Exclude the pictures and repeat all of the data exactly.

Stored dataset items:
——————————

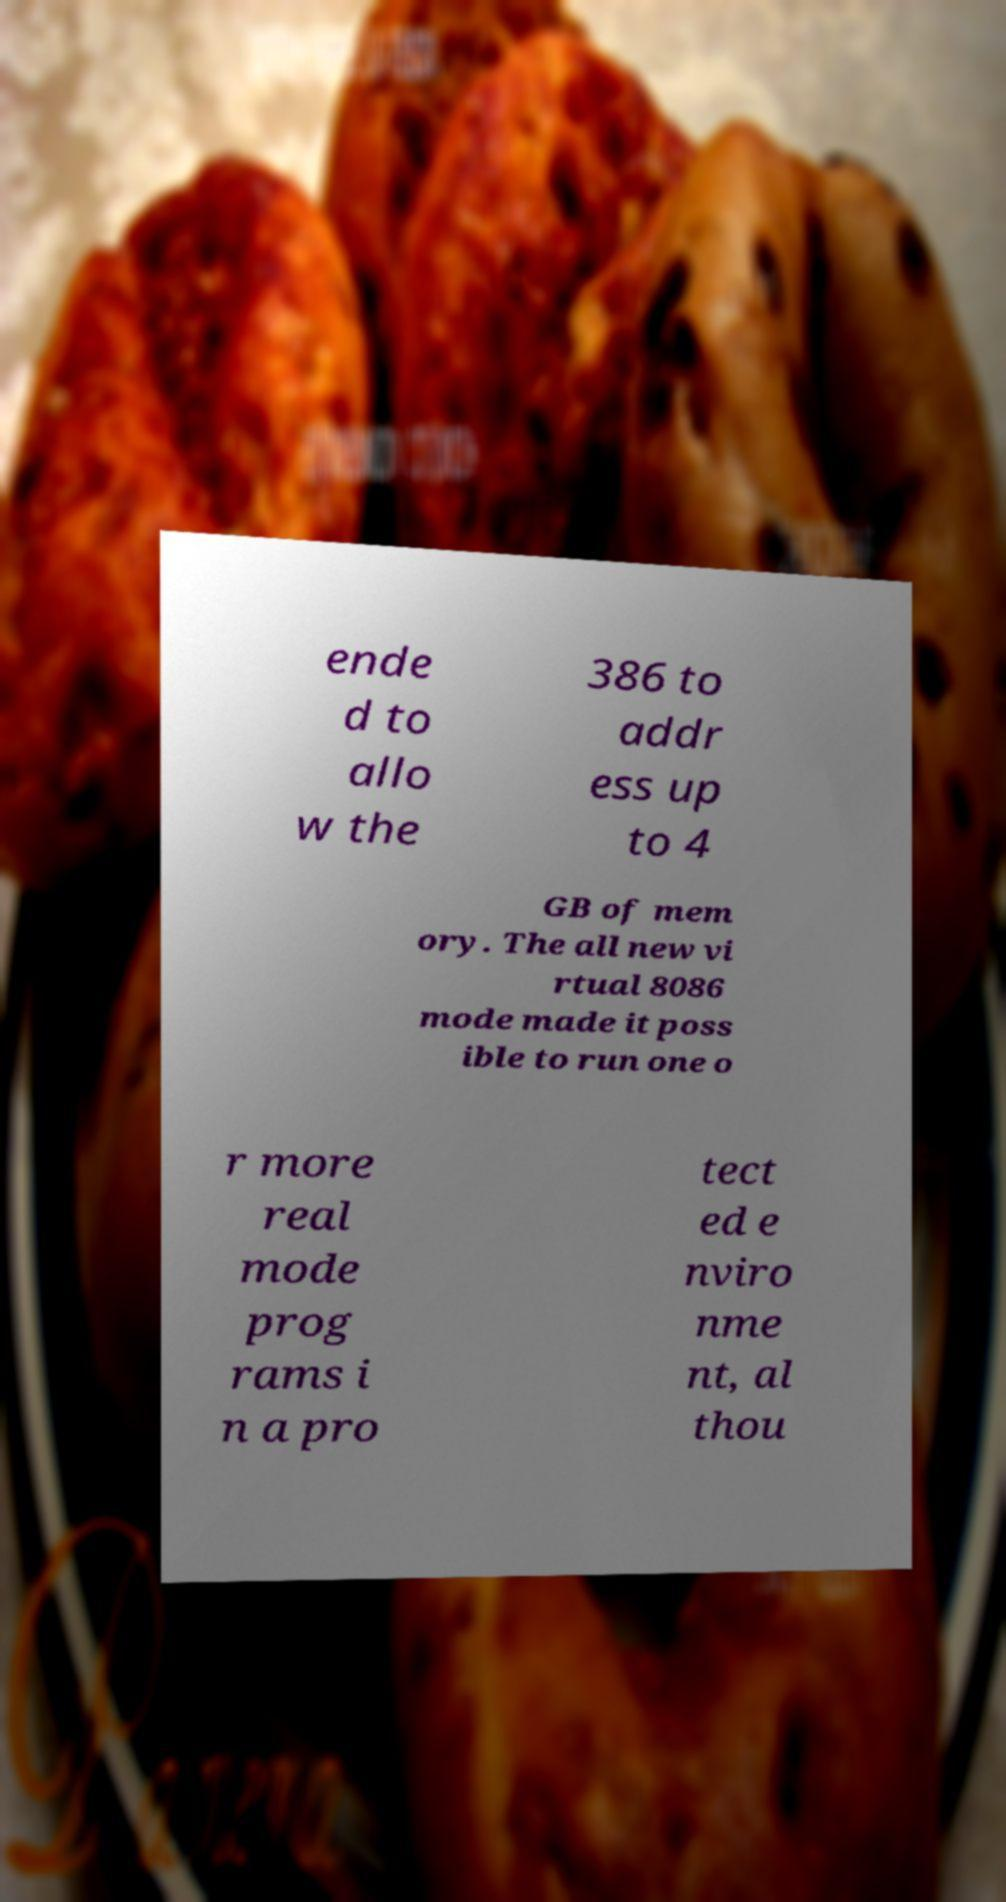Please read and relay the text visible in this image. What does it say? ende d to allo w the 386 to addr ess up to 4 GB of mem ory. The all new vi rtual 8086 mode made it poss ible to run one o r more real mode prog rams i n a pro tect ed e nviro nme nt, al thou 
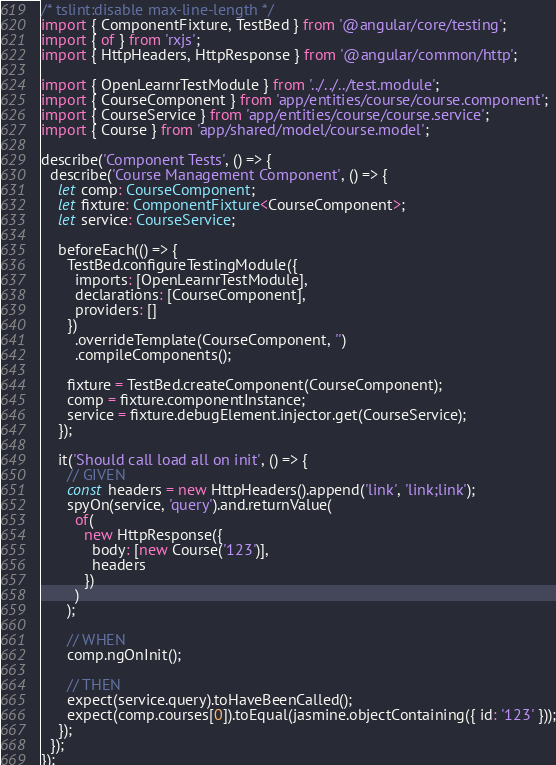Convert code to text. <code><loc_0><loc_0><loc_500><loc_500><_TypeScript_>/* tslint:disable max-line-length */
import { ComponentFixture, TestBed } from '@angular/core/testing';
import { of } from 'rxjs';
import { HttpHeaders, HttpResponse } from '@angular/common/http';

import { OpenLearnrTestModule } from '../../../test.module';
import { CourseComponent } from 'app/entities/course/course.component';
import { CourseService } from 'app/entities/course/course.service';
import { Course } from 'app/shared/model/course.model';

describe('Component Tests', () => {
  describe('Course Management Component', () => {
    let comp: CourseComponent;
    let fixture: ComponentFixture<CourseComponent>;
    let service: CourseService;

    beforeEach(() => {
      TestBed.configureTestingModule({
        imports: [OpenLearnrTestModule],
        declarations: [CourseComponent],
        providers: []
      })
        .overrideTemplate(CourseComponent, '')
        .compileComponents();

      fixture = TestBed.createComponent(CourseComponent);
      comp = fixture.componentInstance;
      service = fixture.debugElement.injector.get(CourseService);
    });

    it('Should call load all on init', () => {
      // GIVEN
      const headers = new HttpHeaders().append('link', 'link;link');
      spyOn(service, 'query').and.returnValue(
        of(
          new HttpResponse({
            body: [new Course('123')],
            headers
          })
        )
      );

      // WHEN
      comp.ngOnInit();

      // THEN
      expect(service.query).toHaveBeenCalled();
      expect(comp.courses[0]).toEqual(jasmine.objectContaining({ id: '123' }));
    });
  });
});
</code> 
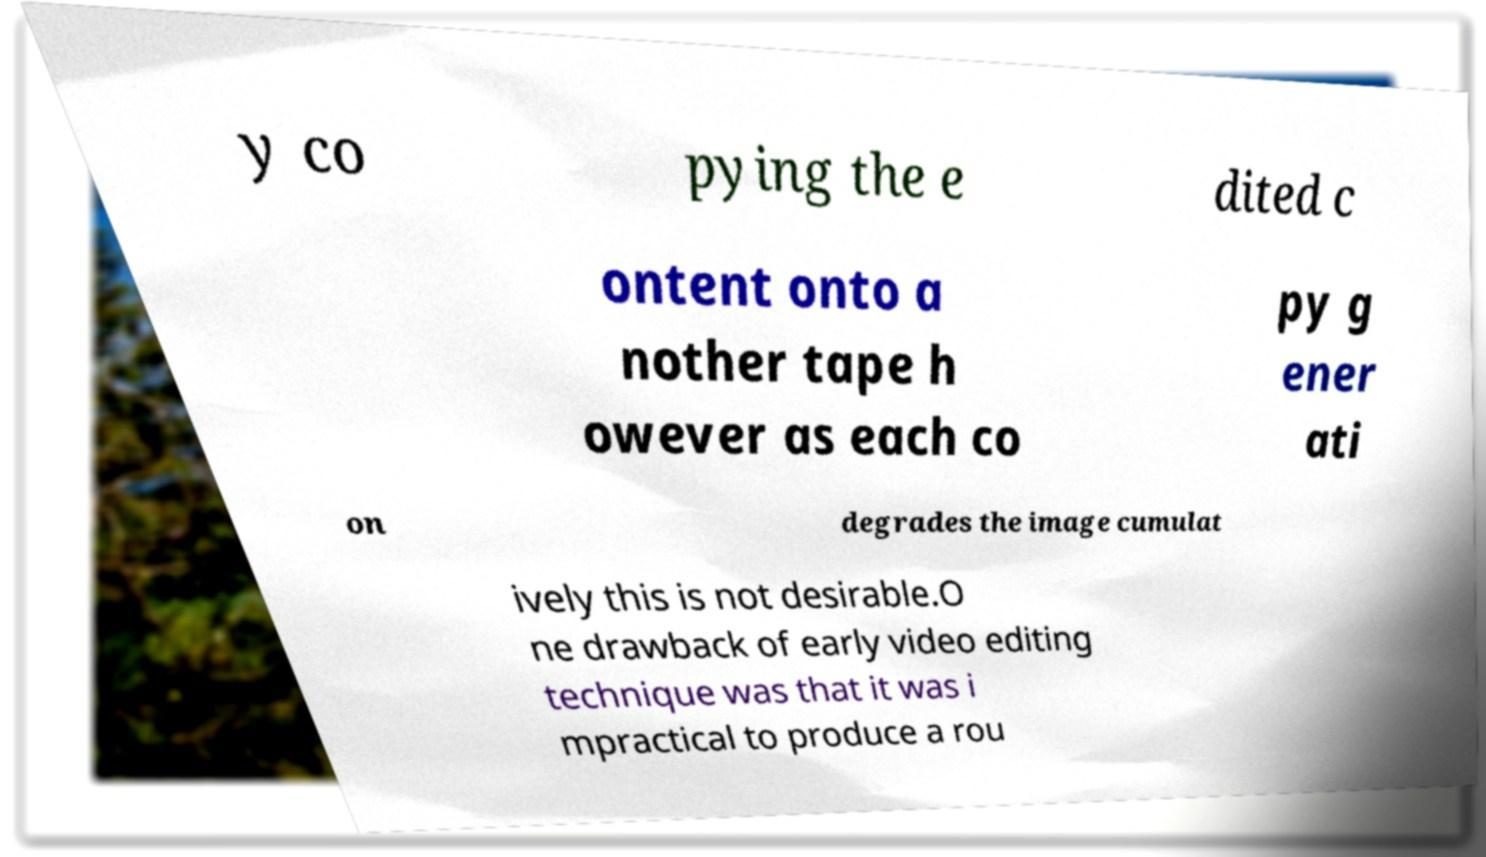What messages or text are displayed in this image? I need them in a readable, typed format. y co pying the e dited c ontent onto a nother tape h owever as each co py g ener ati on degrades the image cumulat ively this is not desirable.O ne drawback of early video editing technique was that it was i mpractical to produce a rou 
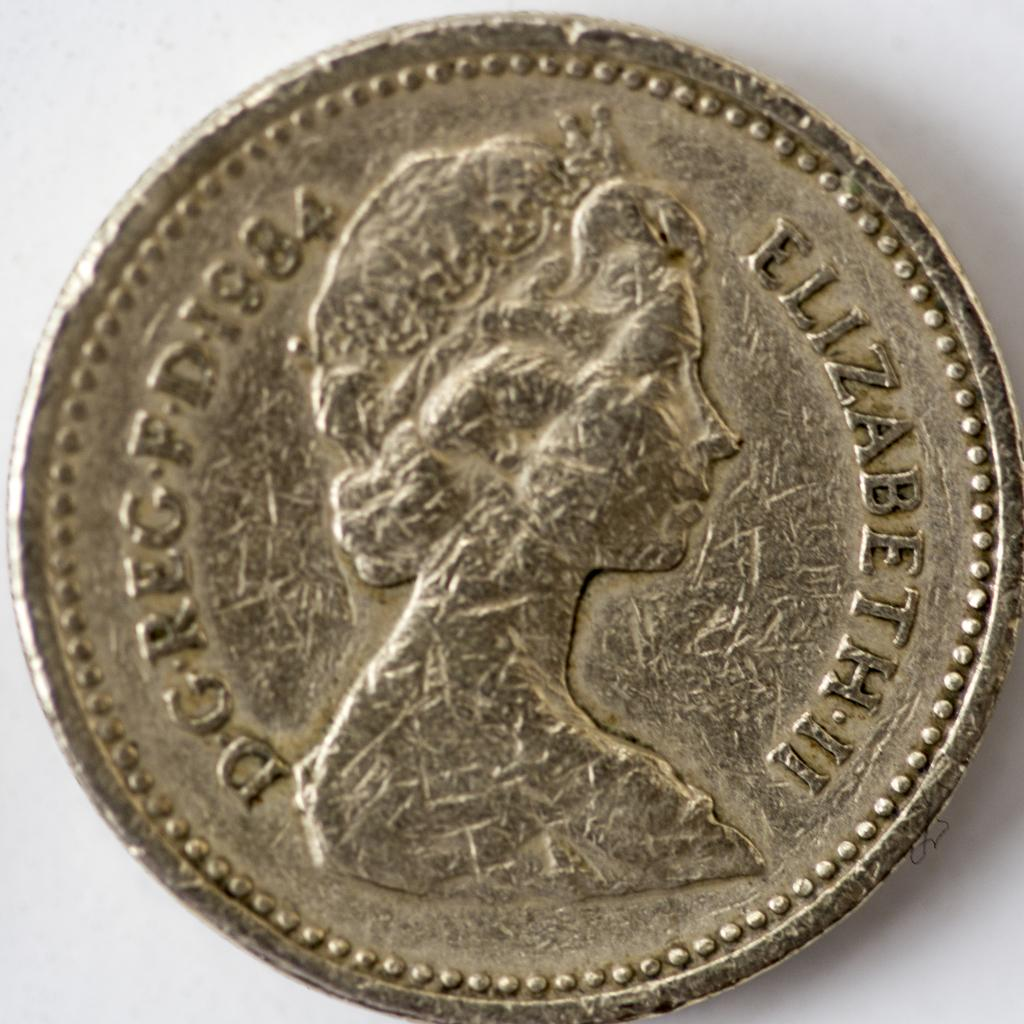Provide a one-sentence caption for the provided image. A coin with a woman on it with the word Elizabeth II is shown. 
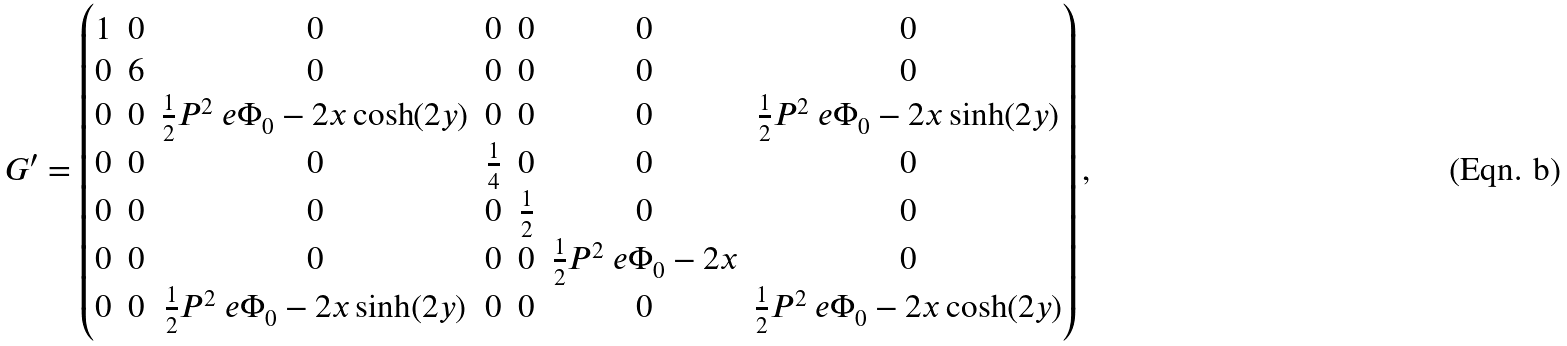<formula> <loc_0><loc_0><loc_500><loc_500>G ^ { \prime } = \begin{pmatrix} 1 & 0 & 0 & 0 & 0 & 0 & 0 \\ 0 & 6 & 0 & 0 & 0 & 0 & 0 \\ 0 & 0 & \frac { 1 } { 2 } P ^ { 2 } \ e { \Phi _ { 0 } - 2 x } \cosh ( 2 y ) & 0 & 0 & 0 & \frac { 1 } { 2 } P ^ { 2 } \ e { \Phi _ { 0 } - 2 x } \sinh ( 2 y ) \\ 0 & 0 & 0 & \frac { 1 } { 4 } & 0 & 0 & 0 \\ 0 & 0 & 0 & 0 & \frac { 1 } { 2 } & 0 & 0 \\ 0 & 0 & 0 & 0 & 0 & \frac { 1 } { 2 } P ^ { 2 } \ e { \Phi _ { 0 } - 2 x } & 0 \\ 0 & 0 & \frac { 1 } { 2 } P ^ { 2 } \ e { \Phi _ { 0 } - 2 x } \sinh ( 2 y ) & 0 & 0 & 0 & \frac { 1 } { 2 } P ^ { 2 } \ e { \Phi _ { 0 } - 2 x } \cosh ( 2 y ) \end{pmatrix} ,</formula> 
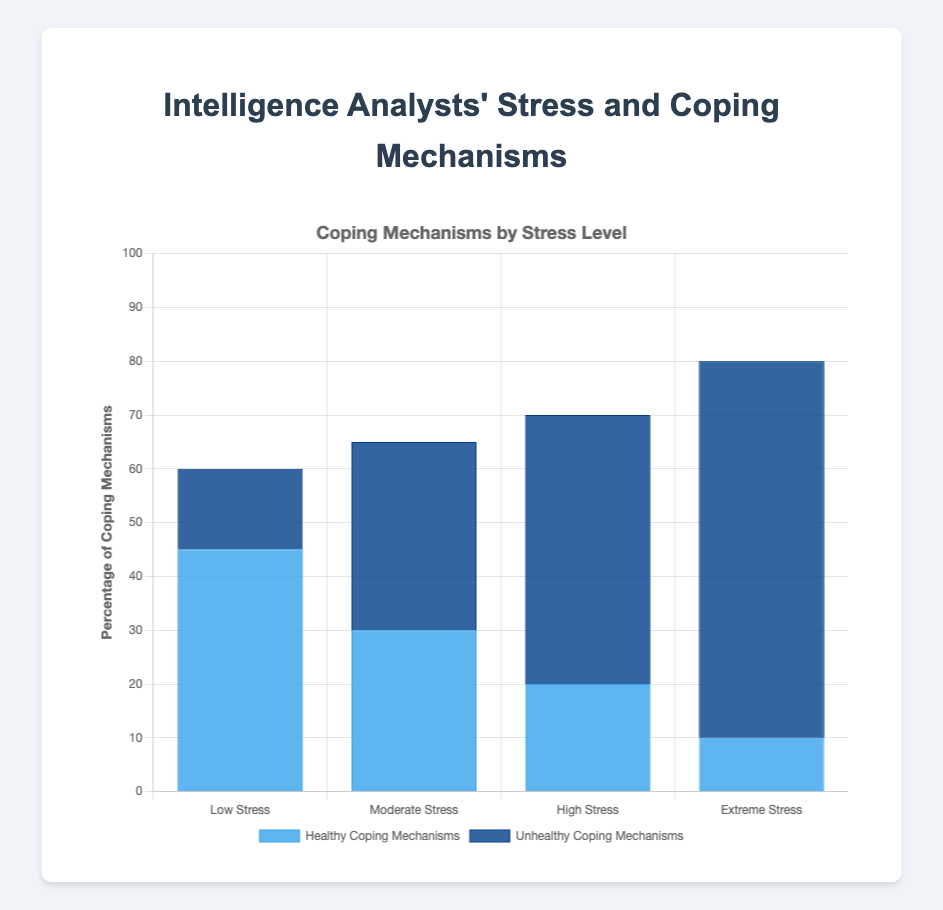What is the average number of healthy coping mechanisms for all stress levels? To find the average, sum the healthy coping mechanisms for all categories: 45 (Low Stress) + 30 (Moderate Stress) + 20 (High Stress) + 10 (Extreme Stress) = 105. Then divide by the number of categories (4). So, 105 / 4 = 26.25.
Answer: 26.25 How does the number of unhealthy coping mechanisms change from Low Stress to Extreme Stress? Subtract the number of unhealthy coping mechanisms for Low Stress from that for Extreme Stress: 70 (Extreme Stress) - 15 (Low Stress) = 55.
Answer: Increase by 55 Which stress level has the highest percentage of unhealthy coping mechanisms? The bar representing unhealthy coping mechanisms is tallest at the Extreme Stress level, reaching 70%.
Answer: Extreme Stress What is the difference in healthy coping mechanisms between Moderate Stress and High Stress levels? Subtract the healthy coping mechanisms for High Stress from those for Moderate Stress: 30 (Moderate Stress) - 20 (High Stress) = 10.
Answer: 10 Which category has more healthy coping mechanisms: Low Stress or Moderate Stress? Compare the healthy coping mechanisms for Low Stress (45) with those for Moderate Stress (30). Low Stress is higher.
Answer: Low Stress If you combine both healthy and unhealthy coping mechanisms, which category has the highest total? Sum both mechanisms for each category. Low Stress: 45 + 15 = 60, Moderate Stress: 30 + 35 = 65, High Stress: 20 + 50 = 70, Extreme Stress: 10 + 70 = 80. The highest total is for Extreme Stress.
Answer: Extreme Stress What is the ratio of healthy to unhealthy coping mechanisms in the Low Stress category? For Low Stress, the ratio is 45 (healthy) to 15 (unhealthy). Simplify the ratio 45:15 by dividing both terms by 15, giving a ratio of 3:1.
Answer: 3:1 Which category shows an equal or higher number of unhealthy coping mechanisms compared to healthy ones? Compare the numbers in each category. Moderate Stress (30 healthy, 35 unhealthy), High Stress (20 healthy, 50 unhealthy), and Extreme Stress (10 healthy, 70 unhealthy) all show this.
Answer: Moderate, High, Extreme What is the visual difference in bar height between the healthy coping mechanisms of Low and Extreme Stress levels? The bar for healthy coping mechanisms at Low Stress is noticeably taller than that at Extreme Stress, specifically four times taller (45% compared to 10%).
Answer: Four times taller How much lower is the average stress level in the Low Stress category compared to the Extreme Stress category? Subtract the average stress level of Low Stress (2) from that of Extreme Stress (10): 10 - 2 = 8.
Answer: 8 
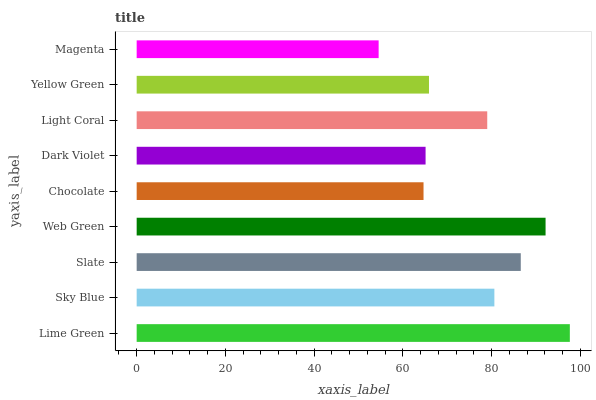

——————————

Worked solution>
Please read and relay the text visible in this image. What does it say? ende d to allo w the 386 to addr ess up to 4 GB of mem ory. The all new vi rtual 8086 mode made it poss ible to run one o r more real mode prog rams i n a pro tect ed e nviro nme nt, al thou 
Convert code to text. <code><loc_0><loc_0><loc_500><loc_500><_TypeScript_>/* tslint:disable max-line-length */
import { ComponentFixture, TestBed } from '@angular/core/testing';
import { of } from 'rxjs';
import { HttpHeaders, HttpResponse } from '@angular/common/http';

import { OpenLearnrTestModule } from '../../../test.module';
import { CourseComponent } from 'app/entities/course/course.component';
import { CourseService } from 'app/entities/course/course.service';
import { Course } from 'app/shared/model/course.model';

describe('Component Tests', () => {
  describe('Course Management Component', () => {
    let comp: CourseComponent;
    let fixture: ComponentFixture<CourseComponent>;
    let service: CourseService;

    beforeEach(() => {
      TestBed.configureTestingModule({
        imports: [OpenLearnrTestModule],
        declarations: [CourseComponent],
        providers: []
      })
        .overrideTemplate(CourseComponent, '')
        .compileComponents();

      fixture = TestBed.createComponent(CourseComponent);
      comp = fixture.componentInstance;
      service = fixture.debugElement.injector.get(CourseService);
    });

    it('Should call load all on init', () => {
      // GIVEN
      const headers = new HttpHeaders().append('link', 'link;link');
      spyOn(service, 'query').and.returnValue(
        of(
          new HttpResponse({
            body: [new Course('123')],
            headers
          })
        )
      );

      // WHEN
      comp.ngOnInit();

      // THEN
      expect(service.query).toHaveBeenCalled();
      expect(comp.courses[0]).toEqual(jasmine.objectContaining({ id: '123' }));
    });
  });
});
</code> 
What messages or text are displayed in this image? I need them in a readable, typed format. y co pying the e dited c ontent onto a nother tape h owever as each co py g ener ati on degrades the image cumulat ively this is not desirable.O ne drawback of early video editing technique was that it was i mpractical to produce a rou 
Provide a one-sentence caption for the provided image. A coin with a woman on it with the word Elizabeth II is shown. 
<formula> <loc_0><loc_0><loc_500><loc_500>G ^ { \prime } = \begin{pmatrix} 1 & 0 & 0 & 0 & 0 & 0 & 0 \\ 0 & 6 & 0 & 0 & 0 & 0 & 0 \\ 0 & 0 & \frac { 1 } { 2 } P ^ { 2 } \ e { \Phi _ { 0 } - 2 x } \cosh ( 2 y ) & 0 & 0 & 0 & \frac { 1 } { 2 } P ^ { 2 } \ e { \Phi _ { 0 } - 2 x } \sinh ( 2 y ) \\ 0 & 0 & 0 & \frac { 1 } { 4 } & 0 & 0 & 0 \\ 0 & 0 & 0 & 0 & \frac { 1 } { 2 } & 0 & 0 \\ 0 & 0 & 0 & 0 & 0 & \frac { 1 } { 2 } P ^ { 2 } \ e { \Phi _ { 0 } - 2 x } & 0 \\ 0 & 0 & \frac { 1 } { 2 } P ^ { 2 } \ e { \Phi _ { 0 } - 2 x } \sinh ( 2 y ) & 0 & 0 & 0 & \frac { 1 } { 2 } P ^ { 2 } \ e { \Phi _ { 0 } - 2 x } \cosh ( 2 y ) \end{pmatrix} ,</formula> 
What is the average number of healthy coping mechanisms for all stress levels? To find the average, sum the healthy coping mechanisms for all categories: 45 (Low Stress) + 30 (Moderate Stress) + 20 (High Stress) + 10 (Extreme Stress) = 105. Then divide by the number of categories (4). So, 105 / 4 = 26.25.
Answer: 26.25 How does the number of unhealthy coping mechanisms change from Low Stress to Extreme Stress? Subtract the number of unhealthy coping mechanisms for Low Stress from that for Extreme Stress: 70 (Extreme Stress) - 15 (Low Stress) = 55.
Answer: Increase by 55 Which stress level has the highest percentage of unhealthy coping mechanisms? The bar representing unhealthy coping mechanisms is tallest at the Extreme Stress level, reaching 70%.
Answer: Extreme Stress What is the difference in healthy coping mechanisms between Moderate Stress and High Stress levels? Subtract the healthy coping mechanisms for High Stress from those for Moderate Stress: 30 (Moderate Stress) - 20 (High Stress) = 10.
Answer: 10 Which category has more healthy coping mechanisms: Low Stress or Moderate Stress? Compare the healthy coping mechanisms for Low Stress (45) with those for Moderate Stress (30). Low Stress is higher.
Answer: Low Stress If you combine both healthy and unhealthy coping mechanisms, which category has the highest total? Sum both mechanisms for each category. Low Stress: 45 + 15 = 60, Moderate Stress: 30 + 35 = 65, High Stress: 20 + 50 = 70, Extreme Stress: 10 + 70 = 80. The highest total is for Extreme Stress.
Answer: Extreme Stress What is the ratio of healthy to unhealthy coping mechanisms in the Low Stress category? For Low Stress, the ratio is 45 (healthy) to 15 (unhealthy). Simplify the ratio 45:15 by dividing both terms by 15, giving a ratio of 3:1.
Answer: 3:1 Which category shows an equal or higher number of unhealthy coping mechanisms compared to healthy ones? Compare the numbers in each category. Moderate Stress (30 healthy, 35 unhealthy), High Stress (20 healthy, 50 unhealthy), and Extreme Stress (10 healthy, 70 unhealthy) all show this.
Answer: Moderate, High, Extreme What is the visual difference in bar height between the healthy coping mechanisms of Low and Extreme Stress levels? The bar for healthy coping mechanisms at Low Stress is noticeably taller than that at Extreme Stress, specifically four times taller (45% compared to 10%).
Answer: Four times taller How much lower is the average stress level in the Low Stress category compared to the Extreme Stress category? Subtract the average stress level of Low Stress (2) from that of Extreme Stress (10): 10 - 2 = 8.
Answer: 8 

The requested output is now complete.